Pavlov M J, Kovacevic P A, Ceranic M S, Stamenkovic A B, Ivanovic A M, Kecmanovic D M
Department for Colorectal Surgery, First Surgical University Hospital, Clinical Center of Serbia, Koste Todorovica 6, 11000 Belgrade, Serbia.
Eur J Surg Oncol. 2009 Nov;35(11):1186-91. doi: 10.1016/j.ejso.2009.03.004. Epub 2009 Apr 8.
The present study reviews our 12-year results with cytoreductive surgery and HIPEC in patients with advanced primary and recurrent ovarian cancer.
During the period from January 1995 to December 2007, 56 patients (31 with primary and 25 with recurrent epithelial ovarian cancer) underwent cytoreductive surgery and HIPEC (Doxorubicin intra-operatively, and cisplatin next 1-5 postoperative days) at our department.
52 (92.8%) patients had no gross residual disease after the complete surgical procedure (Sugarbaker completeness of cytoreduction CC, score 0-1), and 4 patients had macroscopic residual disease (CC-2 or CC-3) Average PCI (peritoneal cancer index) was 13.4 (4-28). Mean follow-up was 56 months (range, 1-135). The median operation time was 279min (range 190 + or - 500min). Median total blood loss was 850mL (range 250 + or - 1550mL). The median survival time was 34.1 months for primary, 40.1 for recurrent ovarian cancer without statistically significance difference (p>0.05) and median disease-free survival was 26.2 months. The PCI was equal or less than 12 in 31 patients and their median survival time was statistically significant longer than median survival time of months for the 25 patients with PCI greater then 12 (p<0.01). Morbidity and mortality rate were 17.8% (10/56) and 1.8% (1/56).
This series indicates that in the majority of patients with primary and recurrent advanced ovarian cancer, cytoreductive surgery combined with HIPEC can lead to a substantial increase in subsequent rates of disease-free and overall survival.
本研究回顾了我们对晚期原发性和复发性卵巢癌患者进行细胞减灭术和腹腔热灌注化疗(HIPEC)的12年结果。
在1995年1月至2007年12月期间,56例患者(31例原发性上皮性卵巢癌和25例复发性上皮性卵巢癌)在我科接受了细胞减灭术和腹腔热灌注化疗(术中使用阿霉素,术后1 - 5天使用顺铂)。
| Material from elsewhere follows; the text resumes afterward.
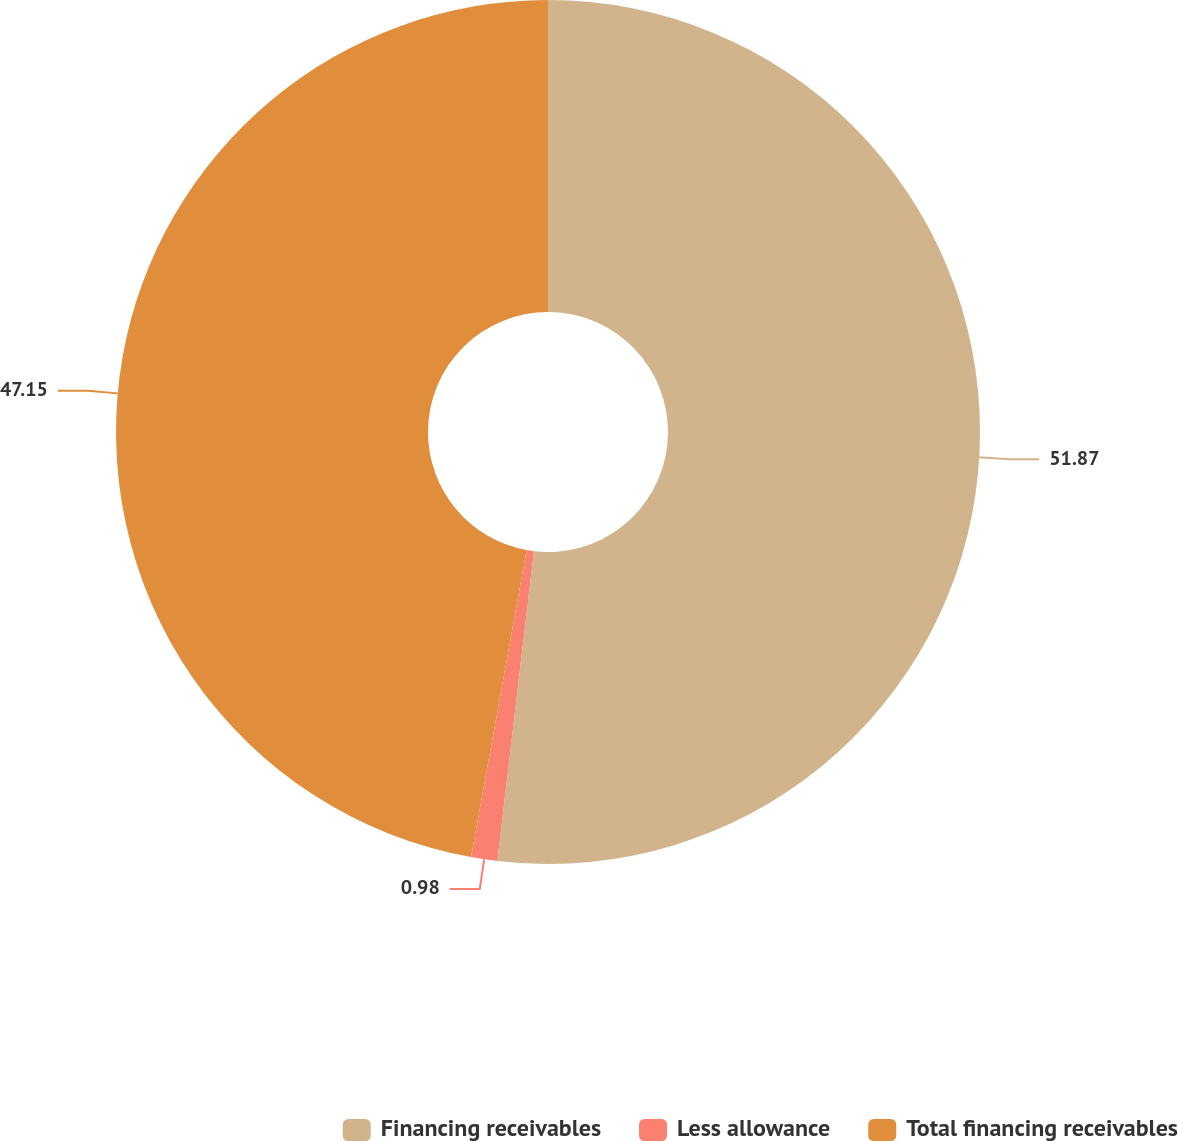<chart> <loc_0><loc_0><loc_500><loc_500><pie_chart><fcel>Financing receivables<fcel>Less allowance<fcel>Total financing receivables<nl><fcel>51.87%<fcel>0.98%<fcel>47.15%<nl></chart>

52例(92.8%)患者在完整手术过程后无肉眼可见残留病灶(根据Sugarbaker细胞减灭完整性CC评分,评分为0 - 1),4例患者有肉眼可见残留病灶(CC - 2或CC - 3)。平均腹膜癌指数(PCI)为13.4(4 - 28)。平均随访时间为56个月(范围1 - 135个月)。中位手术时间为279分钟(范围190±500分钟)。中位总失血量为850毫升(范围250±1550毫升)。原发性卵巢癌的中位生存时间为34.1个月,复发性卵巢癌为40.1个月,无统计学显著差异(p>0.05),中位无病生存时间为26.2个月。31例患者的PCI等于或小于12,其中位生存时间在统计学上显著长于25例PCI大于12患者的中位生存时间(p<0.01)。发病率和死亡率分别为17.8%(10/56)和1.8%(1/56)。
本系列研究表明,对于大多数原发性和复发性晚期卵巢癌患者,细胞减灭术联合腹腔热灌注化疗可显著提高后续无病生存率和总生存率。